Technically, the Metacrisis is a crisis of meaning-making—a loss of trust in the stories and frameworks we've relied on to make sense of life. But emotionally, it’s the existential ache, the isolation, confusion, or despair we experience when the world no longer makes sense. The Polycrisis and Metacrisis are intimately connected, and together they reveal something deeper: The Experience of Separation.

Long ago, we walked gently with the Sacred Foundation, our lives entwined with Momma Earth’s rhythms. But there came a time when we reached beyond her gifts, taking more than she could renew. This ecological overshoot stirred a quiet fear—scarcity whispered, and we listened. From tribal wanderers, we turned to fields and fences, then to empires and machines, each step driven by a need to control what we feared we’d lose. That fear birthed domination within our cultures, a turning away from the circle of We to the fortress of me. Survival, once held in community, became a solitary burden.

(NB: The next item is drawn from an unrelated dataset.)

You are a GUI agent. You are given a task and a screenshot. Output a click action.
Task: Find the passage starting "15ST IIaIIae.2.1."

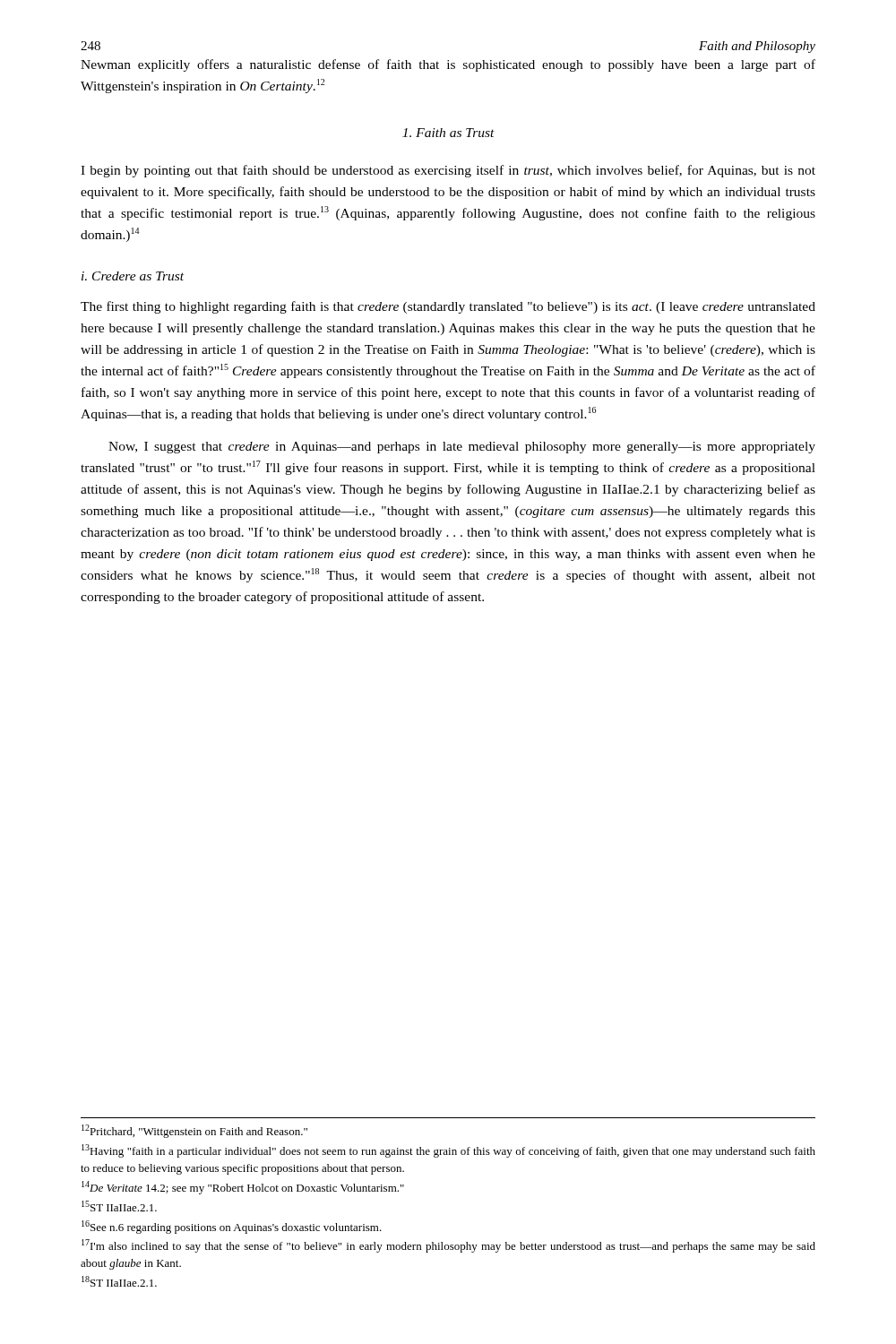pos(119,1207)

And so, a cycle took root. We began to draw harshly from Momma Earth—tearing at her soil, her waters—because we’d lost the deeper nourishment of each other. Our relationships grew thin, fragile, shaped by need rather than reverence. Even now, as technology empowers us to create this very thought system, it also amplifies the rift, offering hollow echoes of connection while we pull ever more from the Sacred Foundation to soothe our longing.

The cost? Fragmented bonds, a hunger in our bones for what we’ve forgotten—love, resonance, belonging. It’s a self-reinforcing feedback loop: the more disconnected we become, the more we rely on extractive coping mechanisms just to keep calm, and the less able we are to sense and respond to the consequences of our actions —  which further intensifies our crises.

This Separation is not just theoretical—it’s a deeply embodied reality, passed down through generation upon generation of dysregulated nervous systems and behavioral patterns of extraction — from each other, and from the Sacred Foundation.

To break free from this loop, we must intentionally shift our consciousness towards syntropy—a state characterized by dynamic coherence, meaningful connection, and regeneration.

That’s why The Experience of We exists.

The Experience of We offers a stabilizing reference point—a coherent relational framework designed to recalibrate our consciousness. It contains embodied practices, relational rituals, cognitive tools, and experiential processes that guide us away from Separation and towards an embodied state of interconnection we call We Consciousness.

Within this framework, our relationships with ourselves, each other, and the living world around us become increasingly attuned, regenerative, and life-affirming. But let’s be clear: shifting from Separation to We Consciousness requires devotion. It's not always easy; it often goes against the grain of our local culture, conditioning, and environment. It’s an upfront energetic investment, asking us to choose consciously, repeatedly, and relationally. Yet, once integrated, it becomes profoundly energy-efficient, grounding us deeply in relationships that sustain us, nourish us, and reconnect us to our larger ecological family.

Central to this framework is the wisdom of the 7 Generations Principle, which invites us to consider the long-term impact of our choices. Imagine the possibilities: groups of people who share The Experience of We, consciously weaving a collective field of dynamic relational coherence, regenerating our ecosystems, restoring trust, and fostering deep resilience for generations yet unborn.

What could we co-create from a place of genuine interconnectedness? Let’s find out together.